Open spring-projects-issues opened 14 years ago
Dave Syer commented
I think there is still a misunderstanding here. A skip is still (and always probably will be) a recovery option for an exhausted retry. What you find difficult, I think (but you must confirm), is that an error in an ItemWriter leads to the items in the chunk being scanned for failures, and the item writer is called again with each of the items in the failed chunk in turn? So it's the scanning for failures that is making life difficult, nothing to do with retry at all?
Sanjeevkumar commented
Hi Dave, I am not completely aware of the inner workings of the itemwriter. but to explain my situation i am trying to skip records that fail for any reason irrespective of the exception thrown. It might be possible that itemwriter is called again with each of the items in the failed chunk in turn. Under any circumstances i do not want the itemwriter to be called again if the any item fails. Is there a way to control this already?
Thanks,
Regards Sanjeev Tarnal
Dave Syer commented
You can set the commit interval to 1 (might not be optimal for performance), or you can put the code that fails in an item processor (usually the best option if you are processing item-by-item anyway). Or you can redesign your writer to make it idempotent (so it would have to check before doing anything that it wasn't duplicating any effort). Or you can catch and recover from the exception inside the writer. Those are your options currently.
If this issue is going to go anywhere you have to try and understand what it means. The best the framework could do would be to skip the whole chunk if there was an error in the writer. We have resisted this so far because in most (but not all) cases failure in a writer is attributable to a single item and the others can be processed cleanly.
Sanjeevkumar commented
Hi Dave, The commit interval is already set to 1. Here are some of the excerpts from my job xml and the itemwriter.
\
public void write(List<? extends ProSamDisbursement> proSamDisbursements)
throws Exception {
for (ProSamDisbursement proSamDisbursement : proSamDisbursements) {
StudentReceivableBean studentRecievableBean = arAdapter
.convertToAR(proSamDisbursement);
studentRecievableDao.addStdnAcctTransSource(studentRecievableBean);
memoExtDao.deleteMemo(proSamDisbursement);
}
}
Both studentRecievableDao.addStdnAcctTransSource(studentRecievableBean); and memoExtDao.deleteMemo(proSamDisbursement); will be part of new transactions and hence failure in delete should not cause the insert to rollback.
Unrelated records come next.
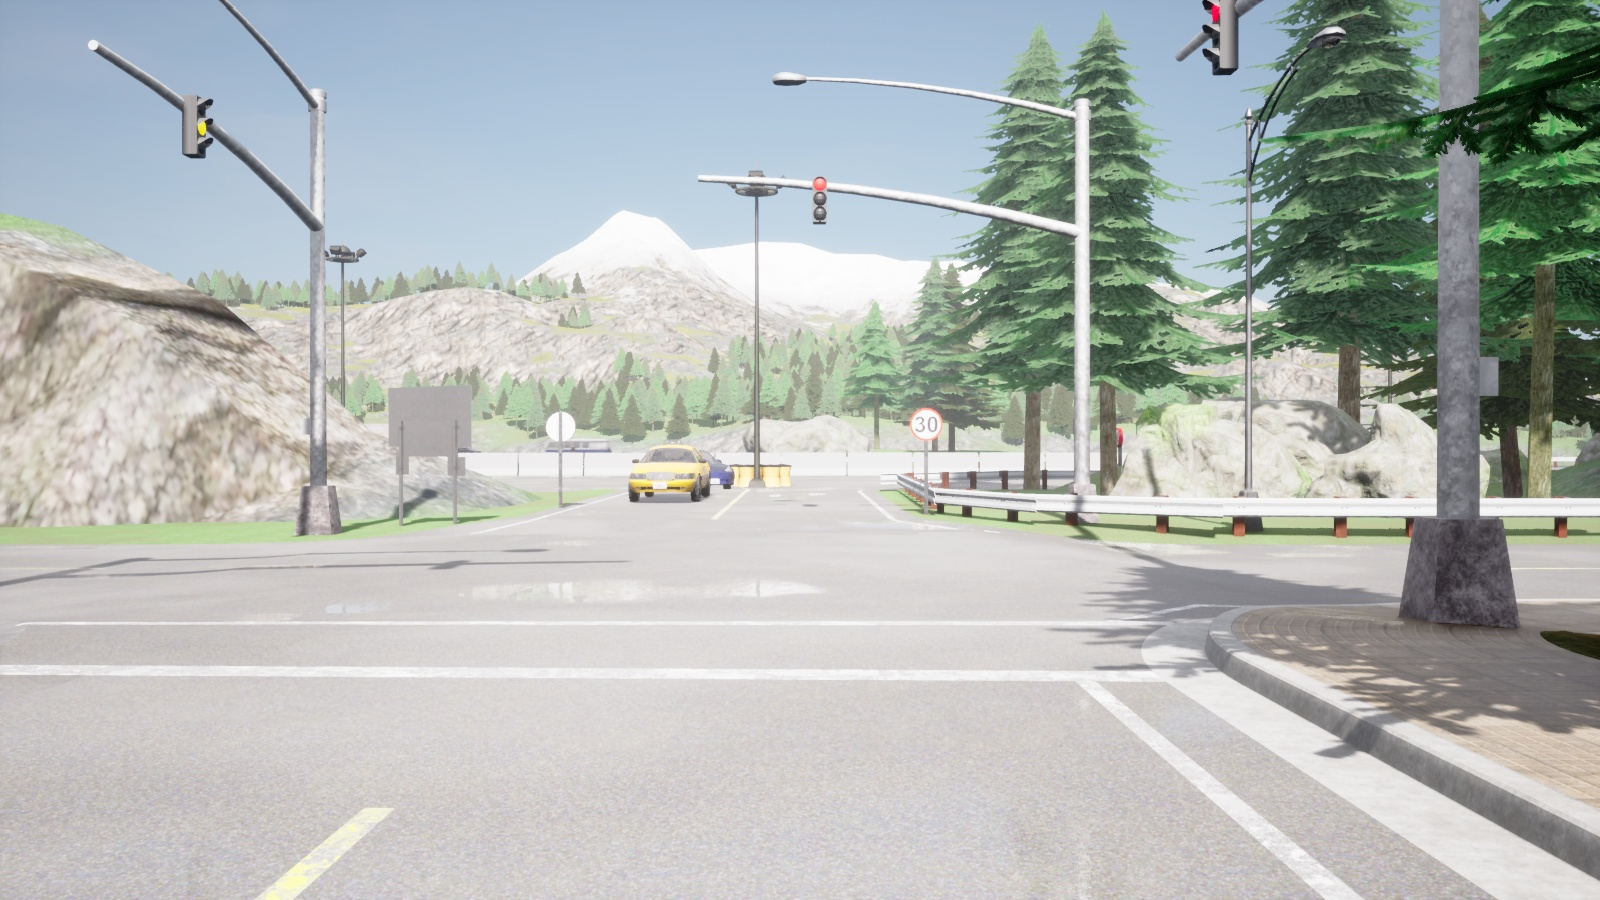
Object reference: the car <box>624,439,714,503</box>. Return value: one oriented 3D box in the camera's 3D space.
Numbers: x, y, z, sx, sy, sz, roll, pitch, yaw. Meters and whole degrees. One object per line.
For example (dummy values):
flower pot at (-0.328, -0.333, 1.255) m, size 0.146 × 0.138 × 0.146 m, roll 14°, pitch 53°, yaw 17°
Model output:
car at (-3.403, 0.494, 33.605) m, size 1.801 × 1.575 × 5.366 m, roll 0°, pitch 0°, yaw 1°

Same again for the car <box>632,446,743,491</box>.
car at (-4.000, 0.663, 43.922) m, size 2.163 × 1.488 × 4.792 m, roll 1°, pitch -1°, yaw -28°

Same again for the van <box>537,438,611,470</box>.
van at (-14.426, 0.233, 80.312) m, size 4.442 × 1.987 × 1.775 m, roll 0°, pitch 0°, yaw 0°

But the addStdnAcctTransSource is reprocessed again when memoExtDao.deleteMemo(proSamDisbursement); fails although the commit interval is set to 1 and results in duplicate entries.
This is where i am getting confused. Is it the skip that is doing the reprocessing or the itemwriter that scans the chunk for the failed items and reprocesses them?
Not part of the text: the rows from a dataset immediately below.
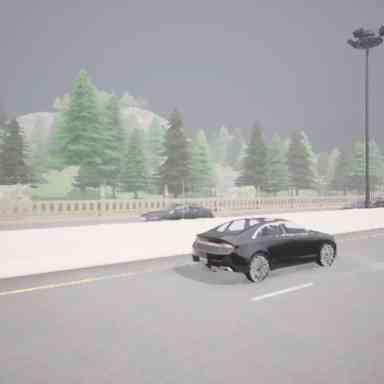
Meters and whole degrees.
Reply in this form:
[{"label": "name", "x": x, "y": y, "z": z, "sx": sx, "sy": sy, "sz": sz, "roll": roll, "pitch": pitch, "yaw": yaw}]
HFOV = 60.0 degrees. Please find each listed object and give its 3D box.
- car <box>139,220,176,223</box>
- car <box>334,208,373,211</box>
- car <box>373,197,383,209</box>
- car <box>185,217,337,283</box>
[{"label": "car", "x": -0.891, "y": 1.472, "z": 20.544, "sx": 4.902, "sy": 1.511, "sz": 2.128, "roll": 0, "pitch": 0, "yaw": -35}, {"label": "car", "x": 13.249, "y": 1.503, "z": 26.308, "sx": 5.357, "sy": 1.411, "sz": 2.033, "roll": 0, "pitch": 0, "yaw": -35}, {"label": "car", "x": 26.234, "y": 1.397, "z": 44.106, "sx": 5.008, "sy": 1.535, "sz": 1.882, "roll": 0, "pitch": 0, "yaw": -35}, {"label": "car", "x": 2.257, "y": 1.479, "z": 9.653, "sx": 4.902, "sy": 1.511, "sz": 2.128, "roll": 0, "pitch": 0, "yaw": -35}]
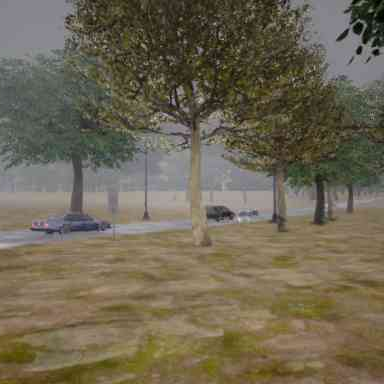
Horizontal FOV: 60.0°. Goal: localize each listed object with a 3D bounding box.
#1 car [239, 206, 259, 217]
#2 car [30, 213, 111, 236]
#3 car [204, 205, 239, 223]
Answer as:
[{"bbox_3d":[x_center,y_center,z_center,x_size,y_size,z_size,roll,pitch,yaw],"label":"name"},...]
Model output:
[{"bbox_3d":[9.552,3.215,55.969,2.097,1.767,4.553,-2,-2,33],"label":"car"},{"bbox_3d":[-7.998,2.127,22.476,2.033,1.411,5.357,-2,-3,33],"label":"car"},{"bbox_3d":[3.083,2.527,39.570,2.150,2.045,5.566,-2,-3,33],"label":"car"}]
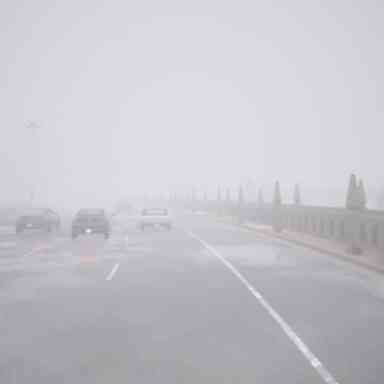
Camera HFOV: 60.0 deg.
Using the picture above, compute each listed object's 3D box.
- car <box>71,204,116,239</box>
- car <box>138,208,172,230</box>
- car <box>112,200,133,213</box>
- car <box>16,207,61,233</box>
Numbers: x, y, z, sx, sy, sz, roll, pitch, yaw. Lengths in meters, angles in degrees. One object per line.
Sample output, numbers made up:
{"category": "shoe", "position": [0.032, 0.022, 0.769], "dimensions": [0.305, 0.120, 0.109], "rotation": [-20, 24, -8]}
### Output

Anyways as per you, this is something which should be handled by me right?
Thanks in advance.
Regards Sanjeev
Dave Syer commented
I just checked and the commit-interval=1 optimization is missing (I thought it was there so it must have been at some point). It could certainly be added. It would be better in nearly all cases such as yours (where the writer doesn't have any batch optimizations) to use an ItemProcessor and standard (larger) commit-interval.
Sanjeevkumar opened BATCH-1511 and commented
I had a requirement of reading the file , processing it and then posting the the processed record to a table. At the same time I had to delete the data from another table. However the requirement was if the deletion fails, insertion should still happen successfully. Hence i decided to use a requires new transaction attribute for each of these method calls.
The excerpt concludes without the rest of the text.